Mas o problema não é apenas o som, é também o lixo. São garrafas de bebidas alcoólicas quebradas, jogadas pelo chão, garrafas pets, copos descartáveis, papel de balas, restos de comida, entre outros. E a situação é pior ainda porque nenhuma pessoa que participa da  reunião festiva recolhe os lixos, desta maneira, fica exposto no local, causando perigo a população, já que tem cacos de vidro, e também restos de alimento.
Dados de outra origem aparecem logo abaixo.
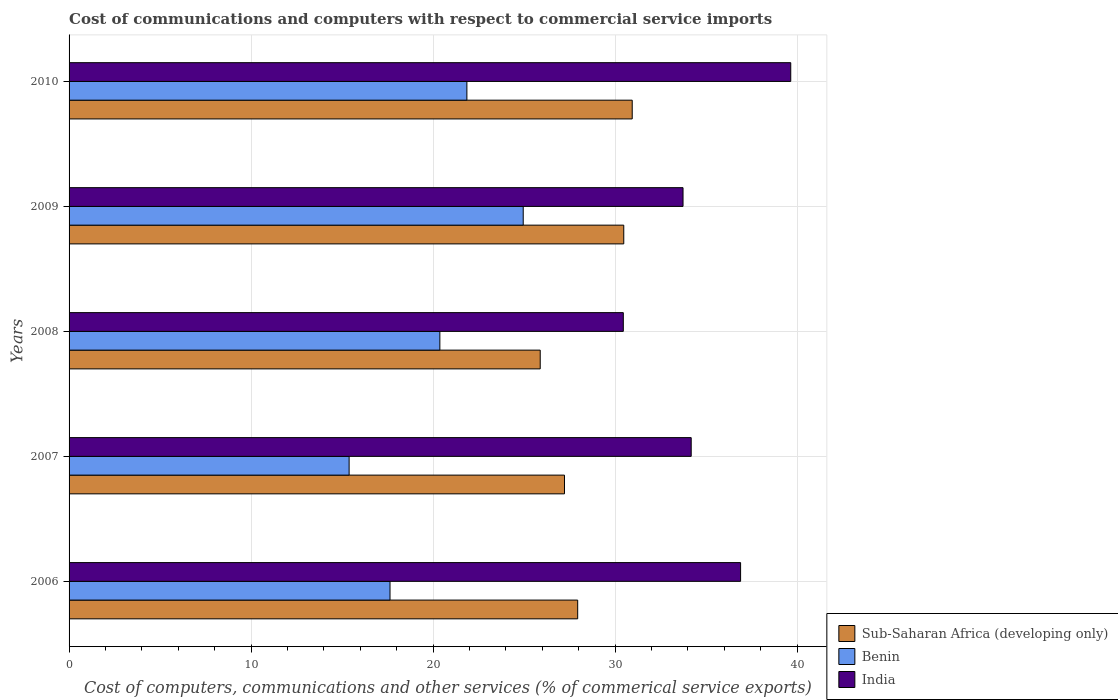How many different coloured bars are there?
Provide a succinct answer. 3. Are the number of bars per tick equal to the number of legend labels?
Your response must be concise. Yes. Are the number of bars on each tick of the Y-axis equal?
Keep it short and to the point. Yes. How many bars are there on the 3rd tick from the bottom?
Your answer should be compact. 3. What is the cost of communications and computers in Sub-Saharan Africa (developing only) in 2009?
Keep it short and to the point. 30.48. Across all years, what is the maximum cost of communications and computers in Sub-Saharan Africa (developing only)?
Give a very brief answer. 30.94. Across all years, what is the minimum cost of communications and computers in Sub-Saharan Africa (developing only)?
Your answer should be compact. 25.89. In which year was the cost of communications and computers in India maximum?
Your response must be concise. 2010. In which year was the cost of communications and computers in Benin minimum?
Ensure brevity in your answer.  2007. What is the total cost of communications and computers in Sub-Saharan Africa (developing only) in the graph?
Ensure brevity in your answer.  142.47. What is the difference between the cost of communications and computers in Benin in 2007 and that in 2010?
Provide a short and direct response. -6.47. What is the difference between the cost of communications and computers in India in 2006 and the cost of communications and computers in Sub-Saharan Africa (developing only) in 2008?
Your answer should be very brief. 11.01. What is the average cost of communications and computers in Sub-Saharan Africa (developing only) per year?
Your response must be concise. 28.49. In the year 2007, what is the difference between the cost of communications and computers in India and cost of communications and computers in Benin?
Your answer should be compact. 18.8. What is the ratio of the cost of communications and computers in Sub-Saharan Africa (developing only) in 2007 to that in 2008?
Ensure brevity in your answer.  1.05. Is the difference between the cost of communications and computers in India in 2007 and 2009 greater than the difference between the cost of communications and computers in Benin in 2007 and 2009?
Your answer should be compact. Yes. What is the difference between the highest and the second highest cost of communications and computers in Benin?
Keep it short and to the point. 3.09. What is the difference between the highest and the lowest cost of communications and computers in India?
Your answer should be very brief. 9.2. What does the 2nd bar from the top in 2006 represents?
Ensure brevity in your answer.  Benin. What does the 1st bar from the bottom in 2006 represents?
Your answer should be very brief. Sub-Saharan Africa (developing only). How many bars are there?
Offer a terse response. 15. Are all the bars in the graph horizontal?
Your response must be concise. Yes. Are the values on the major ticks of X-axis written in scientific E-notation?
Your response must be concise. No. Does the graph contain any zero values?
Make the answer very short. No. Does the graph contain grids?
Provide a short and direct response. Yes. Where does the legend appear in the graph?
Keep it short and to the point. Bottom right. How are the legend labels stacked?
Offer a very short reply. Vertical. What is the title of the graph?
Ensure brevity in your answer.  Cost of communications and computers with respect to commercial service imports. What is the label or title of the X-axis?
Offer a very short reply. Cost of computers, communications and other services (% of commerical service exports). What is the label or title of the Y-axis?
Your response must be concise. Years. What is the Cost of computers, communications and other services (% of commerical service exports) in Sub-Saharan Africa (developing only) in 2006?
Keep it short and to the point. 27.95. What is the Cost of computers, communications and other services (% of commerical service exports) in Benin in 2006?
Keep it short and to the point. 17.63. What is the Cost of computers, communications and other services (% of commerical service exports) of India in 2006?
Your answer should be compact. 36.9. What is the Cost of computers, communications and other services (% of commerical service exports) of Sub-Saharan Africa (developing only) in 2007?
Your answer should be very brief. 27.22. What is the Cost of computers, communications and other services (% of commerical service exports) of Benin in 2007?
Give a very brief answer. 15.39. What is the Cost of computers, communications and other services (% of commerical service exports) in India in 2007?
Offer a very short reply. 34.18. What is the Cost of computers, communications and other services (% of commerical service exports) in Sub-Saharan Africa (developing only) in 2008?
Offer a very short reply. 25.89. What is the Cost of computers, communications and other services (% of commerical service exports) in Benin in 2008?
Your answer should be compact. 20.37. What is the Cost of computers, communications and other services (% of commerical service exports) in India in 2008?
Offer a very short reply. 30.45. What is the Cost of computers, communications and other services (% of commerical service exports) of Sub-Saharan Africa (developing only) in 2009?
Your response must be concise. 30.48. What is the Cost of computers, communications and other services (% of commerical service exports) of Benin in 2009?
Your answer should be very brief. 24.95. What is the Cost of computers, communications and other services (% of commerical service exports) of India in 2009?
Provide a succinct answer. 33.73. What is the Cost of computers, communications and other services (% of commerical service exports) in Sub-Saharan Africa (developing only) in 2010?
Make the answer very short. 30.94. What is the Cost of computers, communications and other services (% of commerical service exports) in Benin in 2010?
Offer a terse response. 21.86. What is the Cost of computers, communications and other services (% of commerical service exports) of India in 2010?
Provide a short and direct response. 39.65. Across all years, what is the maximum Cost of computers, communications and other services (% of commerical service exports) in Sub-Saharan Africa (developing only)?
Give a very brief answer. 30.94. Across all years, what is the maximum Cost of computers, communications and other services (% of commerical service exports) of Benin?
Give a very brief answer. 24.95. Across all years, what is the maximum Cost of computers, communications and other services (% of commerical service exports) in India?
Offer a terse response. 39.65. Across all years, what is the minimum Cost of computers, communications and other services (% of commerical service exports) in Sub-Saharan Africa (developing only)?
Provide a succinct answer. 25.89. Across all years, what is the minimum Cost of computers, communications and other services (% of commerical service exports) of Benin?
Provide a short and direct response. 15.39. Across all years, what is the minimum Cost of computers, communications and other services (% of commerical service exports) in India?
Provide a short and direct response. 30.45. What is the total Cost of computers, communications and other services (% of commerical service exports) in Sub-Saharan Africa (developing only) in the graph?
Keep it short and to the point. 142.47. What is the total Cost of computers, communications and other services (% of commerical service exports) of Benin in the graph?
Offer a very short reply. 100.21. What is the total Cost of computers, communications and other services (% of commerical service exports) in India in the graph?
Provide a short and direct response. 174.92. What is the difference between the Cost of computers, communications and other services (% of commerical service exports) in Sub-Saharan Africa (developing only) in 2006 and that in 2007?
Your answer should be very brief. 0.73. What is the difference between the Cost of computers, communications and other services (% of commerical service exports) of Benin in 2006 and that in 2007?
Give a very brief answer. 2.25. What is the difference between the Cost of computers, communications and other services (% of commerical service exports) of India in 2006 and that in 2007?
Offer a very short reply. 2.71. What is the difference between the Cost of computers, communications and other services (% of commerical service exports) of Sub-Saharan Africa (developing only) in 2006 and that in 2008?
Your answer should be compact. 2.06. What is the difference between the Cost of computers, communications and other services (% of commerical service exports) of Benin in 2006 and that in 2008?
Offer a terse response. -2.74. What is the difference between the Cost of computers, communications and other services (% of commerical service exports) of India in 2006 and that in 2008?
Make the answer very short. 6.44. What is the difference between the Cost of computers, communications and other services (% of commerical service exports) of Sub-Saharan Africa (developing only) in 2006 and that in 2009?
Your answer should be very brief. -2.53. What is the difference between the Cost of computers, communications and other services (% of commerical service exports) of Benin in 2006 and that in 2009?
Your answer should be very brief. -7.32. What is the difference between the Cost of computers, communications and other services (% of commerical service exports) of India in 2006 and that in 2009?
Make the answer very short. 3.16. What is the difference between the Cost of computers, communications and other services (% of commerical service exports) in Sub-Saharan Africa (developing only) in 2006 and that in 2010?
Provide a succinct answer. -3. What is the difference between the Cost of computers, communications and other services (% of commerical service exports) in Benin in 2006 and that in 2010?
Offer a terse response. -4.22. What is the difference between the Cost of computers, communications and other services (% of commerical service exports) of India in 2006 and that in 2010?
Your answer should be very brief. -2.76. What is the difference between the Cost of computers, communications and other services (% of commerical service exports) of Sub-Saharan Africa (developing only) in 2007 and that in 2008?
Offer a very short reply. 1.33. What is the difference between the Cost of computers, communications and other services (% of commerical service exports) in Benin in 2007 and that in 2008?
Make the answer very short. -4.99. What is the difference between the Cost of computers, communications and other services (% of commerical service exports) of India in 2007 and that in 2008?
Make the answer very short. 3.73. What is the difference between the Cost of computers, communications and other services (% of commerical service exports) in Sub-Saharan Africa (developing only) in 2007 and that in 2009?
Provide a short and direct response. -3.26. What is the difference between the Cost of computers, communications and other services (% of commerical service exports) of Benin in 2007 and that in 2009?
Provide a succinct answer. -9.57. What is the difference between the Cost of computers, communications and other services (% of commerical service exports) of India in 2007 and that in 2009?
Your response must be concise. 0.45. What is the difference between the Cost of computers, communications and other services (% of commerical service exports) of Sub-Saharan Africa (developing only) in 2007 and that in 2010?
Offer a terse response. -3.72. What is the difference between the Cost of computers, communications and other services (% of commerical service exports) of Benin in 2007 and that in 2010?
Keep it short and to the point. -6.47. What is the difference between the Cost of computers, communications and other services (% of commerical service exports) of India in 2007 and that in 2010?
Your response must be concise. -5.47. What is the difference between the Cost of computers, communications and other services (% of commerical service exports) in Sub-Saharan Africa (developing only) in 2008 and that in 2009?
Offer a terse response. -4.59. What is the difference between the Cost of computers, communications and other services (% of commerical service exports) of Benin in 2008 and that in 2009?
Keep it short and to the point. -4.58. What is the difference between the Cost of computers, communications and other services (% of commerical service exports) of India in 2008 and that in 2009?
Your answer should be very brief. -3.28. What is the difference between the Cost of computers, communications and other services (% of commerical service exports) in Sub-Saharan Africa (developing only) in 2008 and that in 2010?
Make the answer very short. -5.05. What is the difference between the Cost of computers, communications and other services (% of commerical service exports) in Benin in 2008 and that in 2010?
Provide a short and direct response. -1.49. What is the difference between the Cost of computers, communications and other services (% of commerical service exports) in India in 2008 and that in 2010?
Provide a short and direct response. -9.2. What is the difference between the Cost of computers, communications and other services (% of commerical service exports) in Sub-Saharan Africa (developing only) in 2009 and that in 2010?
Provide a short and direct response. -0.46. What is the difference between the Cost of computers, communications and other services (% of commerical service exports) in Benin in 2009 and that in 2010?
Keep it short and to the point. 3.09. What is the difference between the Cost of computers, communications and other services (% of commerical service exports) of India in 2009 and that in 2010?
Give a very brief answer. -5.92. What is the difference between the Cost of computers, communications and other services (% of commerical service exports) in Sub-Saharan Africa (developing only) in 2006 and the Cost of computers, communications and other services (% of commerical service exports) in Benin in 2007?
Keep it short and to the point. 12.56. What is the difference between the Cost of computers, communications and other services (% of commerical service exports) of Sub-Saharan Africa (developing only) in 2006 and the Cost of computers, communications and other services (% of commerical service exports) of India in 2007?
Provide a succinct answer. -6.24. What is the difference between the Cost of computers, communications and other services (% of commerical service exports) of Benin in 2006 and the Cost of computers, communications and other services (% of commerical service exports) of India in 2007?
Offer a terse response. -16.55. What is the difference between the Cost of computers, communications and other services (% of commerical service exports) of Sub-Saharan Africa (developing only) in 2006 and the Cost of computers, communications and other services (% of commerical service exports) of Benin in 2008?
Make the answer very short. 7.57. What is the difference between the Cost of computers, communications and other services (% of commerical service exports) in Sub-Saharan Africa (developing only) in 2006 and the Cost of computers, communications and other services (% of commerical service exports) in India in 2008?
Ensure brevity in your answer.  -2.51. What is the difference between the Cost of computers, communications and other services (% of commerical service exports) in Benin in 2006 and the Cost of computers, communications and other services (% of commerical service exports) in India in 2008?
Offer a terse response. -12.82. What is the difference between the Cost of computers, communications and other services (% of commerical service exports) in Sub-Saharan Africa (developing only) in 2006 and the Cost of computers, communications and other services (% of commerical service exports) in Benin in 2009?
Offer a very short reply. 2.99. What is the difference between the Cost of computers, communications and other services (% of commerical service exports) in Sub-Saharan Africa (developing only) in 2006 and the Cost of computers, communications and other services (% of commerical service exports) in India in 2009?
Give a very brief answer. -5.79. What is the difference between the Cost of computers, communications and other services (% of commerical service exports) of Benin in 2006 and the Cost of computers, communications and other services (% of commerical service exports) of India in 2009?
Keep it short and to the point. -16.1. What is the difference between the Cost of computers, communications and other services (% of commerical service exports) of Sub-Saharan Africa (developing only) in 2006 and the Cost of computers, communications and other services (% of commerical service exports) of Benin in 2010?
Provide a short and direct response. 6.09. What is the difference between the Cost of computers, communications and other services (% of commerical service exports) in Sub-Saharan Africa (developing only) in 2006 and the Cost of computers, communications and other services (% of commerical service exports) in India in 2010?
Give a very brief answer. -11.71. What is the difference between the Cost of computers, communications and other services (% of commerical service exports) in Benin in 2006 and the Cost of computers, communications and other services (% of commerical service exports) in India in 2010?
Offer a very short reply. -22.02. What is the difference between the Cost of computers, communications and other services (% of commerical service exports) in Sub-Saharan Africa (developing only) in 2007 and the Cost of computers, communications and other services (% of commerical service exports) in Benin in 2008?
Make the answer very short. 6.85. What is the difference between the Cost of computers, communications and other services (% of commerical service exports) of Sub-Saharan Africa (developing only) in 2007 and the Cost of computers, communications and other services (% of commerical service exports) of India in 2008?
Offer a terse response. -3.23. What is the difference between the Cost of computers, communications and other services (% of commerical service exports) in Benin in 2007 and the Cost of computers, communications and other services (% of commerical service exports) in India in 2008?
Offer a very short reply. -15.07. What is the difference between the Cost of computers, communications and other services (% of commerical service exports) in Sub-Saharan Africa (developing only) in 2007 and the Cost of computers, communications and other services (% of commerical service exports) in Benin in 2009?
Make the answer very short. 2.27. What is the difference between the Cost of computers, communications and other services (% of commerical service exports) of Sub-Saharan Africa (developing only) in 2007 and the Cost of computers, communications and other services (% of commerical service exports) of India in 2009?
Keep it short and to the point. -6.51. What is the difference between the Cost of computers, communications and other services (% of commerical service exports) of Benin in 2007 and the Cost of computers, communications and other services (% of commerical service exports) of India in 2009?
Your answer should be compact. -18.35. What is the difference between the Cost of computers, communications and other services (% of commerical service exports) in Sub-Saharan Africa (developing only) in 2007 and the Cost of computers, communications and other services (% of commerical service exports) in Benin in 2010?
Offer a terse response. 5.36. What is the difference between the Cost of computers, communications and other services (% of commerical service exports) of Sub-Saharan Africa (developing only) in 2007 and the Cost of computers, communications and other services (% of commerical service exports) of India in 2010?
Keep it short and to the point. -12.43. What is the difference between the Cost of computers, communications and other services (% of commerical service exports) of Benin in 2007 and the Cost of computers, communications and other services (% of commerical service exports) of India in 2010?
Your response must be concise. -24.27. What is the difference between the Cost of computers, communications and other services (% of commerical service exports) of Sub-Saharan Africa (developing only) in 2008 and the Cost of computers, communications and other services (% of commerical service exports) of Benin in 2009?
Your answer should be very brief. 0.93. What is the difference between the Cost of computers, communications and other services (% of commerical service exports) in Sub-Saharan Africa (developing only) in 2008 and the Cost of computers, communications and other services (% of commerical service exports) in India in 2009?
Give a very brief answer. -7.85. What is the difference between the Cost of computers, communications and other services (% of commerical service exports) of Benin in 2008 and the Cost of computers, communications and other services (% of commerical service exports) of India in 2009?
Provide a succinct answer. -13.36. What is the difference between the Cost of computers, communications and other services (% of commerical service exports) in Sub-Saharan Africa (developing only) in 2008 and the Cost of computers, communications and other services (% of commerical service exports) in Benin in 2010?
Ensure brevity in your answer.  4.03. What is the difference between the Cost of computers, communications and other services (% of commerical service exports) in Sub-Saharan Africa (developing only) in 2008 and the Cost of computers, communications and other services (% of commerical service exports) in India in 2010?
Give a very brief answer. -13.77. What is the difference between the Cost of computers, communications and other services (% of commerical service exports) of Benin in 2008 and the Cost of computers, communications and other services (% of commerical service exports) of India in 2010?
Your response must be concise. -19.28. What is the difference between the Cost of computers, communications and other services (% of commerical service exports) in Sub-Saharan Africa (developing only) in 2009 and the Cost of computers, communications and other services (% of commerical service exports) in Benin in 2010?
Keep it short and to the point. 8.62. What is the difference between the Cost of computers, communications and other services (% of commerical service exports) of Sub-Saharan Africa (developing only) in 2009 and the Cost of computers, communications and other services (% of commerical service exports) of India in 2010?
Provide a short and direct response. -9.18. What is the difference between the Cost of computers, communications and other services (% of commerical service exports) in Benin in 2009 and the Cost of computers, communications and other services (% of commerical service exports) in India in 2010?
Ensure brevity in your answer.  -14.7. What is the average Cost of computers, communications and other services (% of commerical service exports) of Sub-Saharan Africa (developing only) per year?
Make the answer very short. 28.49. What is the average Cost of computers, communications and other services (% of commerical service exports) in Benin per year?
Provide a short and direct response. 20.04. What is the average Cost of computers, communications and other services (% of commerical service exports) in India per year?
Your answer should be very brief. 34.98. In the year 2006, what is the difference between the Cost of computers, communications and other services (% of commerical service exports) of Sub-Saharan Africa (developing only) and Cost of computers, communications and other services (% of commerical service exports) of Benin?
Your answer should be compact. 10.31. In the year 2006, what is the difference between the Cost of computers, communications and other services (% of commerical service exports) of Sub-Saharan Africa (developing only) and Cost of computers, communications and other services (% of commerical service exports) of India?
Your answer should be compact. -8.95. In the year 2006, what is the difference between the Cost of computers, communications and other services (% of commerical service exports) of Benin and Cost of computers, communications and other services (% of commerical service exports) of India?
Ensure brevity in your answer.  -19.26. In the year 2007, what is the difference between the Cost of computers, communications and other services (% of commerical service exports) of Sub-Saharan Africa (developing only) and Cost of computers, communications and other services (% of commerical service exports) of Benin?
Ensure brevity in your answer.  11.83. In the year 2007, what is the difference between the Cost of computers, communications and other services (% of commerical service exports) in Sub-Saharan Africa (developing only) and Cost of computers, communications and other services (% of commerical service exports) in India?
Make the answer very short. -6.96. In the year 2007, what is the difference between the Cost of computers, communications and other services (% of commerical service exports) in Benin and Cost of computers, communications and other services (% of commerical service exports) in India?
Provide a short and direct response. -18.8. In the year 2008, what is the difference between the Cost of computers, communications and other services (% of commerical service exports) in Sub-Saharan Africa (developing only) and Cost of computers, communications and other services (% of commerical service exports) in Benin?
Ensure brevity in your answer.  5.51. In the year 2008, what is the difference between the Cost of computers, communications and other services (% of commerical service exports) of Sub-Saharan Africa (developing only) and Cost of computers, communications and other services (% of commerical service exports) of India?
Provide a succinct answer. -4.57. In the year 2008, what is the difference between the Cost of computers, communications and other services (% of commerical service exports) in Benin and Cost of computers, communications and other services (% of commerical service exports) in India?
Your answer should be very brief. -10.08. In the year 2009, what is the difference between the Cost of computers, communications and other services (% of commerical service exports) of Sub-Saharan Africa (developing only) and Cost of computers, communications and other services (% of commerical service exports) of Benin?
Ensure brevity in your answer.  5.52. In the year 2009, what is the difference between the Cost of computers, communications and other services (% of commerical service exports) of Sub-Saharan Africa (developing only) and Cost of computers, communications and other services (% of commerical service exports) of India?
Your answer should be compact. -3.26. In the year 2009, what is the difference between the Cost of computers, communications and other services (% of commerical service exports) in Benin and Cost of computers, communications and other services (% of commerical service exports) in India?
Your answer should be compact. -8.78. In the year 2010, what is the difference between the Cost of computers, communications and other services (% of commerical service exports) in Sub-Saharan Africa (developing only) and Cost of computers, communications and other services (% of commerical service exports) in Benin?
Provide a succinct answer. 9.08. In the year 2010, what is the difference between the Cost of computers, communications and other services (% of commerical service exports) of Sub-Saharan Africa (developing only) and Cost of computers, communications and other services (% of commerical service exports) of India?
Your answer should be very brief. -8.71. In the year 2010, what is the difference between the Cost of computers, communications and other services (% of commerical service exports) of Benin and Cost of computers, communications and other services (% of commerical service exports) of India?
Offer a terse response. -17.79. What is the ratio of the Cost of computers, communications and other services (% of commerical service exports) of Sub-Saharan Africa (developing only) in 2006 to that in 2007?
Your answer should be compact. 1.03. What is the ratio of the Cost of computers, communications and other services (% of commerical service exports) of Benin in 2006 to that in 2007?
Your response must be concise. 1.15. What is the ratio of the Cost of computers, communications and other services (% of commerical service exports) of India in 2006 to that in 2007?
Offer a very short reply. 1.08. What is the ratio of the Cost of computers, communications and other services (% of commerical service exports) of Sub-Saharan Africa (developing only) in 2006 to that in 2008?
Provide a succinct answer. 1.08. What is the ratio of the Cost of computers, communications and other services (% of commerical service exports) of Benin in 2006 to that in 2008?
Provide a short and direct response. 0.87. What is the ratio of the Cost of computers, communications and other services (% of commerical service exports) of India in 2006 to that in 2008?
Provide a succinct answer. 1.21. What is the ratio of the Cost of computers, communications and other services (% of commerical service exports) in Sub-Saharan Africa (developing only) in 2006 to that in 2009?
Provide a short and direct response. 0.92. What is the ratio of the Cost of computers, communications and other services (% of commerical service exports) of Benin in 2006 to that in 2009?
Your response must be concise. 0.71. What is the ratio of the Cost of computers, communications and other services (% of commerical service exports) of India in 2006 to that in 2009?
Your response must be concise. 1.09. What is the ratio of the Cost of computers, communications and other services (% of commerical service exports) in Sub-Saharan Africa (developing only) in 2006 to that in 2010?
Your answer should be very brief. 0.9. What is the ratio of the Cost of computers, communications and other services (% of commerical service exports) in Benin in 2006 to that in 2010?
Provide a succinct answer. 0.81. What is the ratio of the Cost of computers, communications and other services (% of commerical service exports) in India in 2006 to that in 2010?
Provide a short and direct response. 0.93. What is the ratio of the Cost of computers, communications and other services (% of commerical service exports) of Sub-Saharan Africa (developing only) in 2007 to that in 2008?
Provide a short and direct response. 1.05. What is the ratio of the Cost of computers, communications and other services (% of commerical service exports) of Benin in 2007 to that in 2008?
Your response must be concise. 0.76. What is the ratio of the Cost of computers, communications and other services (% of commerical service exports) of India in 2007 to that in 2008?
Ensure brevity in your answer.  1.12. What is the ratio of the Cost of computers, communications and other services (% of commerical service exports) of Sub-Saharan Africa (developing only) in 2007 to that in 2009?
Offer a very short reply. 0.89. What is the ratio of the Cost of computers, communications and other services (% of commerical service exports) of Benin in 2007 to that in 2009?
Your answer should be very brief. 0.62. What is the ratio of the Cost of computers, communications and other services (% of commerical service exports) in India in 2007 to that in 2009?
Provide a succinct answer. 1.01. What is the ratio of the Cost of computers, communications and other services (% of commerical service exports) of Sub-Saharan Africa (developing only) in 2007 to that in 2010?
Your answer should be very brief. 0.88. What is the ratio of the Cost of computers, communications and other services (% of commerical service exports) of Benin in 2007 to that in 2010?
Offer a very short reply. 0.7. What is the ratio of the Cost of computers, communications and other services (% of commerical service exports) in India in 2007 to that in 2010?
Your answer should be compact. 0.86. What is the ratio of the Cost of computers, communications and other services (% of commerical service exports) in Sub-Saharan Africa (developing only) in 2008 to that in 2009?
Offer a very short reply. 0.85. What is the ratio of the Cost of computers, communications and other services (% of commerical service exports) in Benin in 2008 to that in 2009?
Your answer should be compact. 0.82. What is the ratio of the Cost of computers, communications and other services (% of commerical service exports) in India in 2008 to that in 2009?
Your answer should be compact. 0.9. What is the ratio of the Cost of computers, communications and other services (% of commerical service exports) in Sub-Saharan Africa (developing only) in 2008 to that in 2010?
Your answer should be very brief. 0.84. What is the ratio of the Cost of computers, communications and other services (% of commerical service exports) in Benin in 2008 to that in 2010?
Provide a succinct answer. 0.93. What is the ratio of the Cost of computers, communications and other services (% of commerical service exports) of India in 2008 to that in 2010?
Offer a terse response. 0.77. What is the ratio of the Cost of computers, communications and other services (% of commerical service exports) of Benin in 2009 to that in 2010?
Your answer should be very brief. 1.14. What is the ratio of the Cost of computers, communications and other services (% of commerical service exports) of India in 2009 to that in 2010?
Keep it short and to the point. 0.85. What is the difference between the highest and the second highest Cost of computers, communications and other services (% of commerical service exports) in Sub-Saharan Africa (developing only)?
Provide a succinct answer. 0.46. What is the difference between the highest and the second highest Cost of computers, communications and other services (% of commerical service exports) of Benin?
Your answer should be compact. 3.09. What is the difference between the highest and the second highest Cost of computers, communications and other services (% of commerical service exports) of India?
Ensure brevity in your answer.  2.76. What is the difference between the highest and the lowest Cost of computers, communications and other services (% of commerical service exports) in Sub-Saharan Africa (developing only)?
Offer a very short reply. 5.05. What is the difference between the highest and the lowest Cost of computers, communications and other services (% of commerical service exports) of Benin?
Your answer should be very brief. 9.57. What is the difference between the highest and the lowest Cost of computers, communications and other services (% of commerical service exports) in India?
Keep it short and to the point. 9.2.

Diante da reclamação, Luis Costa recolheu declarações de moradores de Primavera do Leste, que estão sofrendo com a perturbação, anexou a um ofício com destino ao Ministério Público, na qual, solicita ao órgão competente, apoio para notificar a prefeitura a cumprir a lei do sossego, colocando a equipe de fiscalização do Código de Posturas para atender as denúncias.

“O MP vai solicitar que a Prefeitura atue neste caso, porque é responsabilidade do executivo a fiscalização sonora em relação à lei do sossego. Também enviei ofícios a Polícia Militar e Civil, solicitando apoio para a realização de blitz punitivas. Outros ofícios foram encaminhados para a Vara Especializada da Infância e Juventude e Conselho Tutelar, já que existem denúncias de que menores estariam no local ingerindo bebidas alcoólicas, e por fim, enviei ao executivo e ao setor de fiscalização, para que assim eles reconheçam que existe um problema e que precisa ser sanado, porque todos nós vivemos em sociedade e precisamos ser éticos e morais para respeitar o direito do próximo”. Esclarece Luis.

O legislador ressalta ainda, que em relação ao lixo deixado pelas pessoas no local, como forma de conscientização, a sugestão é que se forem pegos jogando lixo em local proibido, como punição, as próprias pessoas que realizem a limpeza.

Existe uma discussão entre o poder executivo, legislativo, e alguns jovens sobre um possível local para se ouvir som alto, mas ainda não houve nenhum projeto apresentado à sociedade.